Necessidade e possibilidade
Em sua decisão, a juíza Suiane de Castro Fonseca Medeiros destacou a importância da manutenção dos alimentos em patamar que guarde proporcionalidade entre as necessidades da filha e as possibilidades do pai. Observou, ainda, que inexistem provas suficientes que apontem sobre a capacidade financeira da genitora, fazendo-se imprescindível tal apuração.

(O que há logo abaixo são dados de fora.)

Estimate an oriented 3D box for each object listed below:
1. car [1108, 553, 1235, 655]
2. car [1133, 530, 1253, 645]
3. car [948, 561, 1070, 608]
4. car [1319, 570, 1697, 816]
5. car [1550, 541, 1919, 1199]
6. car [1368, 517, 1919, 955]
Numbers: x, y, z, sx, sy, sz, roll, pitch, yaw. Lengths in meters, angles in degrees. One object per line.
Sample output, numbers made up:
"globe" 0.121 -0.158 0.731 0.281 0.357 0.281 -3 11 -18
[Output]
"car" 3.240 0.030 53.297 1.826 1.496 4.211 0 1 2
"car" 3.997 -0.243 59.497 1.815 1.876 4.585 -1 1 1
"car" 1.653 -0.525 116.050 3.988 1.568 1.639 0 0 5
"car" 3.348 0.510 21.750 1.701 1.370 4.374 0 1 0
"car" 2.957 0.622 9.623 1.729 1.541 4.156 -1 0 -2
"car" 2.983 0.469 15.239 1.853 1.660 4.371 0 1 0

A magistrada também pontuou que, conforme tabela de divisão de dias, a filha partilha de forma igualitária do convívio com os genitores, “não se mostrando justo e razoável que o autor arque com a integralidade das despesas fixas da alimentanda, além do pensionamento em pecúnia”.

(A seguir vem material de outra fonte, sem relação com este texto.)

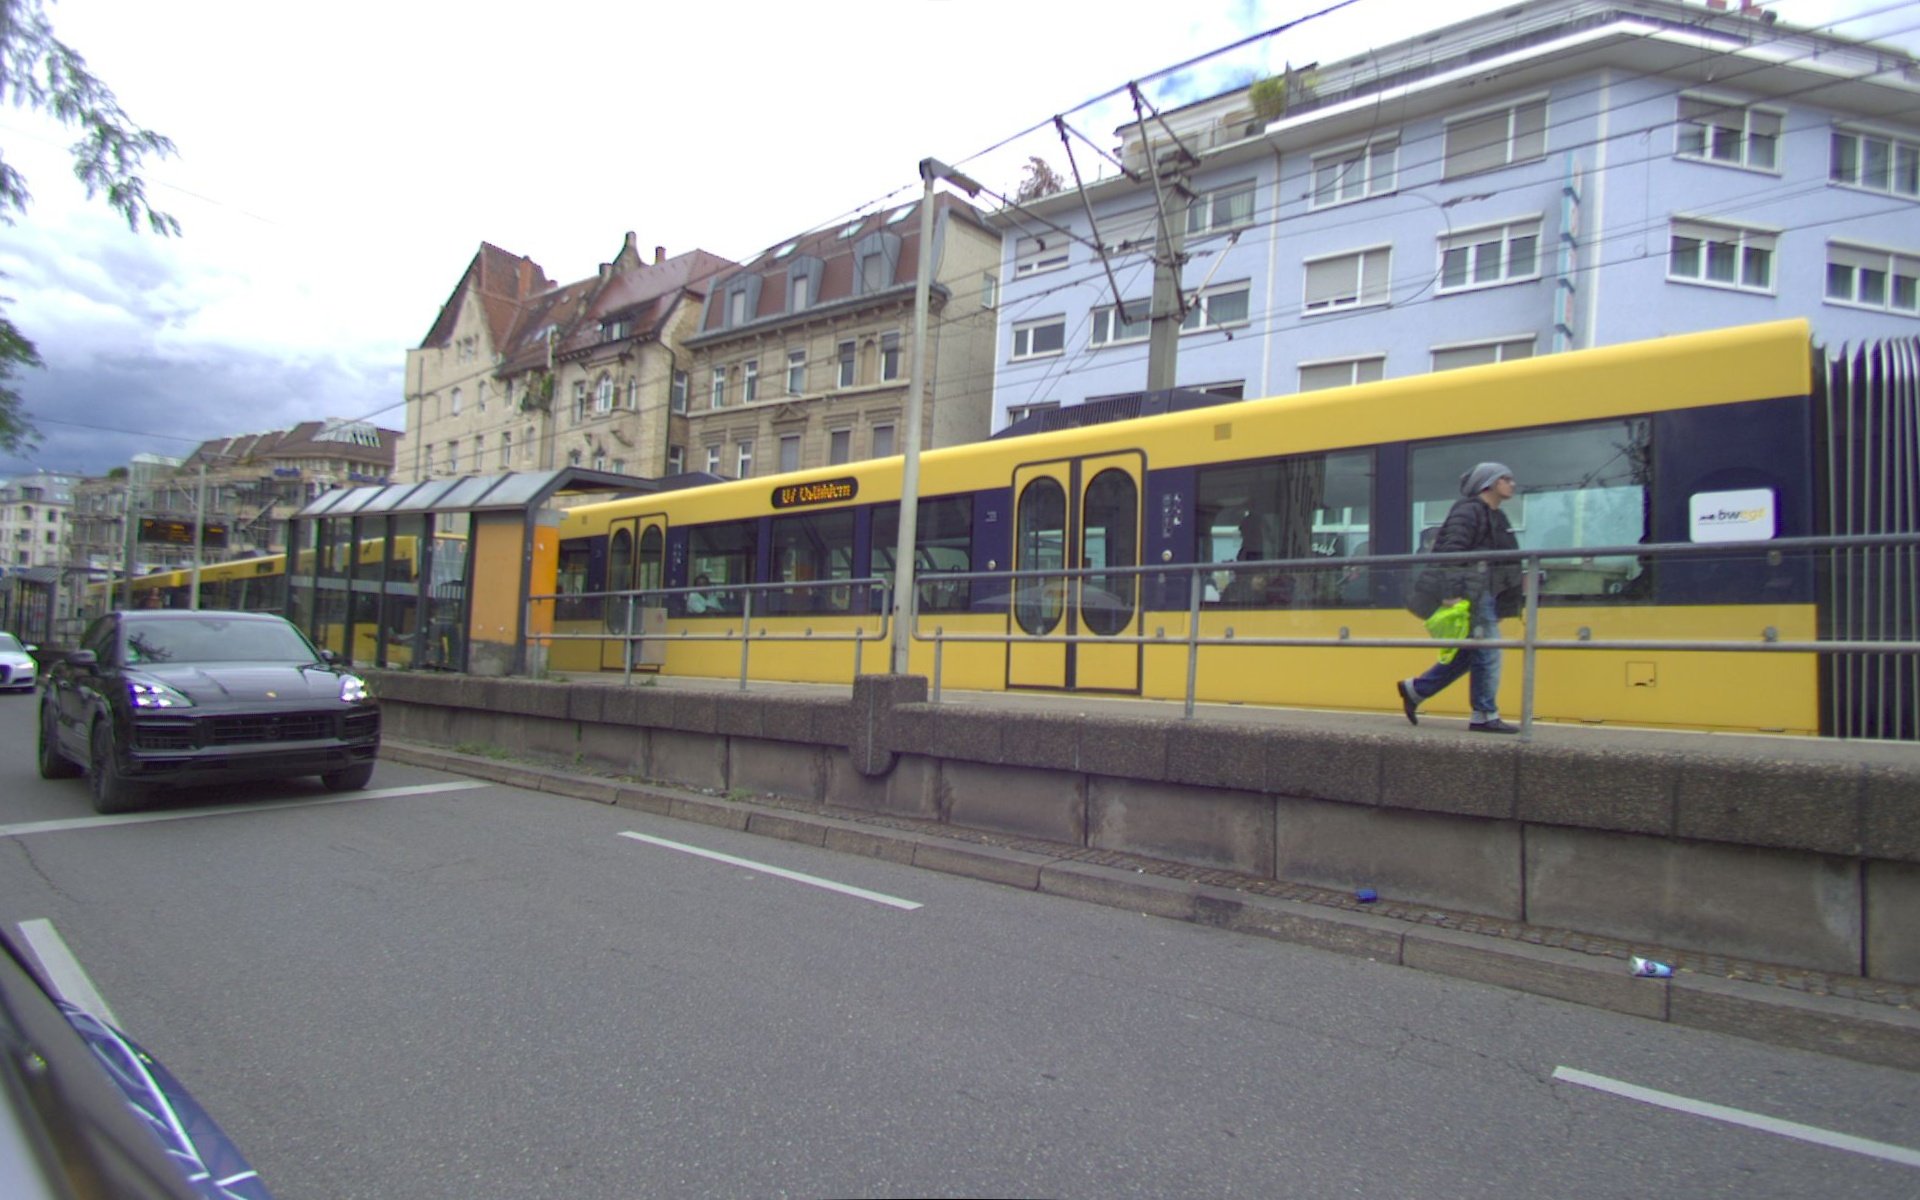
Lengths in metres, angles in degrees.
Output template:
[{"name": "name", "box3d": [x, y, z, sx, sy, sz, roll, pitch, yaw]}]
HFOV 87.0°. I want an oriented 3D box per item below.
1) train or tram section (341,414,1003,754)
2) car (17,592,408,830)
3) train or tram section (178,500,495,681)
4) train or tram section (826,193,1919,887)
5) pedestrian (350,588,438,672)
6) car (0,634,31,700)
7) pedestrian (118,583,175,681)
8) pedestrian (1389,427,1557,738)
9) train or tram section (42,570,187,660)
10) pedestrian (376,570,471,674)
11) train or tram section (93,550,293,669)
[{"name": "train or tram section", "box3d": [-5.793, 0.334, 16.575, 14.218, 3.692, 2.852, -4, -9, 40]}, {"name": "car", "box3d": [-7.233, 0.893, 9.586, 4.780, 1.698, 2.006, -2, -4, 42]}, {"name": "train or tram section", "box3d": [-16.501, 0.014, 25.889, 14.224, 3.586, 2.892, -2, -3, 42]}, {"name": "train or tram section", "box3d": [4.918, -0.234, 7.384, 14.219, 3.692, 2.852, -2, -4, 40]}, {"name": "pedestrian", "box3d": [-8.129, 0.446, 14.547, 0.778, 1.151, 0.841, -2, -6, 42]}, {"name": "car", "box3d": [-23.525, 1.544, 23.887, 4.530, 1.486, 1.872, -2, -4, 42]}, {"name": "pedestrian", "box3d": [-19.563, 0.772, 24.347, 0.772, 2.302, 0.827, -2, -5, 41]}, {"name": "pedestrian", "box3d": [2.890, -0.066, 5.698, 0.665, 1.596, 0.770, -2, -5, 41]}, {"name": "train or tram section", "box3d": [-37.659, 0.785, 44.769, 14.224, 3.445, 2.851, -2, -2, 42]}, {"name": "pedestrian", "box3d": [-7.201, 0.313, 13.585, 0.778, 1.316, 0.841, -2, -6, 42]}, {"name": "train or tram section", "box3d": [-27.106, 0.493, 35.296, 14.224, 3.468, 2.851, -2, -2, 42]}]

“Entendo ser justo e razoável que cada genitor arque com as despesas da alimentanda quando esta estiver em sua companhia, devendo as partes ratearem as despesas fixas advindas do pagamento de plano de saúde, mensalidade, material escolar, assim como curso de língua estrangeira e atividade esportiva, de forma igualitária, na proporção de 50% para cada um dos genitores”, concluiu.
Tempo de convivência e mesmo padrão de vida foram determinantes
Membro do Instituto Brasileiro de Direito de Família – IBDFAM, a advogada Marília Varela atuou no caso representando o autor da ação. “A decisão tem especial relevo porque, além do tradicional binômio alimentar (necessidades e possibilidades), o juízo incluiu outro componente no cálculo dos alimentos: o tempo de convivência do pai com a filha e, por conseguinte, sua efetiva disponibilidade de dividir tarefas e responsabilidades na gestão de vida da criança.”
“Com efeito, a guarda compartilhada em si não tem o condão de modificar a obrigação alimentar. Todavia, em um cenário em que ambos os genitores tenham condições financeiras equivalentes e convivam igualitariamente com os filhos, não há razão para que um deles tenha uma prestação alimentar maior que o outro, independentemente do estabelecimento de um lar referencial”, defende Marília.
De acordo com a advogada, houve a demonstração de que os genitores tinham o mesmo padrão de vida e que conviviam a mesma quantidade de tempo com a filha. “Assim, a despeito do lar referencial materno, ao observar que cabia igualmente ao pai o pagamento da moradia, alimentação, transporte, vestuário e lazer da menina, além dos gastos inerentes à rotina de cuidados de uma criança, o juízo reconheceu não haver motivo para a permanência de prestação em pecúnia com a finalidade de custear o lar materno.”
“Além disso, a determinação do pagamento in natura de metade de todas as despesas fixas da criança também prestigia a guarda compartilhada, pois promove o diálogo dos pais em relação à gerência da vida dos filhos. Como não há um genitor específico responsável por custear integralmente uma obrigação, ambos os pais deverão conversar sobre uma possível troca de escola, a escolha de uma atividade extracurricular, entre outras decisões, evitando, portanto, um abuso da autoridade parental.”
Isonomia entre mãe e pai na guarda compartilhada
Para Marília Varela, a decisão “consagra o ideal da guarda compartilhada, pois divide igualmente os direitos e deveres dos genitores e porque promove o diálogo, peça-chave de exercício saudável da coparentalidade”. Além disso, o entendimento também caminha no sentido da isonomia entre homens e mulheres na criação de filhos.
“Há expressa confirmação de que tanto o homem quanto a mulher são provedores do sustento e do cuidado dos filhos. Ao reconhecer o envolvimento paterno nas funções diárias de criação dos filhos, a decisão retira do homem o papel exclusivo de provedor material e prestigia quem, de fato, também encabeça a criação da prole”, frisa a advogada.
Ela conclui: “O caso em análise nos permite constatar que a efetiva guarda compartilhada promove a ruptura da imposição dos papéis sociais exercidos por homens e mulheres. Por fim, o entendimento estimula a guarda compartilhada coativa, bem como fomenta a cultura do compartilhamento de tarefas e tempo entre os pais”.